A different sort of preparation happens for the frozen tuna.  In a room that looked like it might well have inspired the egg room scene in the first Alien movie, the frozen fish are laid out in neat rows with an eerie fog shrouding them as their cold interacts with the humid air.  Workers with long and very sharp knives make cuts at the tail of the fish while others come by with hot water to thaw the cut area.  This allows the middlemen to do their inspection of the meat quality.  But, we were told, this is a riskier business than fresh tuna, because it’s harder to know the quality that you will really get when the fish is fully thawed.  Perhaps it won’t have as much fatty flesh in the belly (the toro for sushi fans) that brings the premium price.
 
They really frown on flash photography in here, and there are signs everyplace.  Why?  I think because these guys are working with really dangerous tools.  It’s probably a good thing not to piss off a bunch of guys working at 4am with 2-1/2 foot knives, so I relied on the IS lens on the 20D for all my photos (worth its weight in gold that lens — nearly all of these shots were between 1/20 and 1/6 second and would have been impossible without it or a much larger lens with a faster aperture).  My tour companion’s point-and-shoot camera had one of those flashes that keeps turning on again when you turn the camera on, and she accidentally took a shot with flash, which got an unhappy response from one fellow.  This is where it’s great to have guides, who smoothed it over immediately.
 
Anyhow, as well as the tuna, there is of course every other kind of seafood from shrimp to urchin to crab and lobster to oysters (just going out of season).  Much of it is sold live, and there was a whole huge area of tanks with live fish and shellfish, and then an area where some of the live fish are killed just before (or after?) being sold.  It’s not a pretty process, but it does seem to be very quick and about as humane as you could ask for.
 
All along, they have bells that ring for the different auctions.  This is the other place where flash photography is forbidden, since all bidding is done with hand signals and a signal could be missed with flashes.

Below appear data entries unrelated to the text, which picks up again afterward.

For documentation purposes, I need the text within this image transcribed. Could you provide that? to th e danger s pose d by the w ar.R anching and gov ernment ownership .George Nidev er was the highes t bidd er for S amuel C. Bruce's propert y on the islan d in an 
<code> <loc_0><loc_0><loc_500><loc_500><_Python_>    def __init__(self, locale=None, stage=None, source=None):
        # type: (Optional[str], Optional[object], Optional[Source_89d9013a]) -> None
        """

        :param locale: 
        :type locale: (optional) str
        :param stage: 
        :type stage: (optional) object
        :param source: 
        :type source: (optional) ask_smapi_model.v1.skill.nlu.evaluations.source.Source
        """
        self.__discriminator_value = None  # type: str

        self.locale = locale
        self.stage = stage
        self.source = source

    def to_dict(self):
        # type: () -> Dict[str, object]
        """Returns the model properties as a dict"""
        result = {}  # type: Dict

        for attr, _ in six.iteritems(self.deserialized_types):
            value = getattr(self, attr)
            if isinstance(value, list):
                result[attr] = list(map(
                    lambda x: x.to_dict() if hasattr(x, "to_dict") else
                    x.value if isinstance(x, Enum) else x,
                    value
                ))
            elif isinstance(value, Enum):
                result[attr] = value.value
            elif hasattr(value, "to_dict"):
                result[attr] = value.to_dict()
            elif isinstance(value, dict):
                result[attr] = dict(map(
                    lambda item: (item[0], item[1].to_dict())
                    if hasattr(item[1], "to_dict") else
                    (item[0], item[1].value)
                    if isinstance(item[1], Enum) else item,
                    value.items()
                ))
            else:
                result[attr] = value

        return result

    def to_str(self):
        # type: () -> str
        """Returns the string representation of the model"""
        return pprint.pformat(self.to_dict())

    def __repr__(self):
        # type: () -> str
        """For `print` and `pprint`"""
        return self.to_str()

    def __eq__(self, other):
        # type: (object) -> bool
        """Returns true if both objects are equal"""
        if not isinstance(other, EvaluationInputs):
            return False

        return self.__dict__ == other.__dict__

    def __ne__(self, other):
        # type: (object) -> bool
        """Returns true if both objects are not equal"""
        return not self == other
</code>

Some of the auctions happen in a sort of auction area (of which there are several) with bleachers and a podium where people bid.  The fresh tuna auction, though, happens on the move up and down the floor of the big room where all the fish were laid out.  The auctioneer walks along and does his calls as the bidders walk along with him, giving their hand signals.  As each fish is sold, other workers tag the winning bid onto the fish and the auctioneer really never stops.
 
At the end of our tour, we went back into the areas where the middlemen have their stalls and prepare the seafood that they purchased to be sold to the commercial customers.  This is where we were able to see the one gentleman and his staff butcher about four of the giant tuna.  Imagine for a second.  Each of these fish cost somewhere between $20,000 and $60,000.  That’s a lot of operating capital!
 
The process of butchering these fish is hard work that requires strength and finesse.  He uses three basic tools: a 2-1/2 foot saw to remove the head; a 2-1/2 foot knife to make the primary incisions that demarcate the pieces he will remove; and, a 6-foot knife (yes, really!) with which they  remove the giant sections.  That last bit is a 3-man job.  The middleman and his helper wield the 6-foot knife while a third man stabilizes the cut piece and then brings in a plank to carry it away.  The pieces left over after they take the major sections (for example, the spine and bones) are then carefully worked on to make sure that they don’t waste precious meat.  I shot this movie at left with the S400, but re-encoded as H.264 to make it a tolerable size.  It’s still 7MB, but that’s down from 20!  It shows the process starting from just after the saw was used.
 
With that, our tour was complete, and my gracious guides escorted me to my second destination of this very early morning: Daiwa Sushi.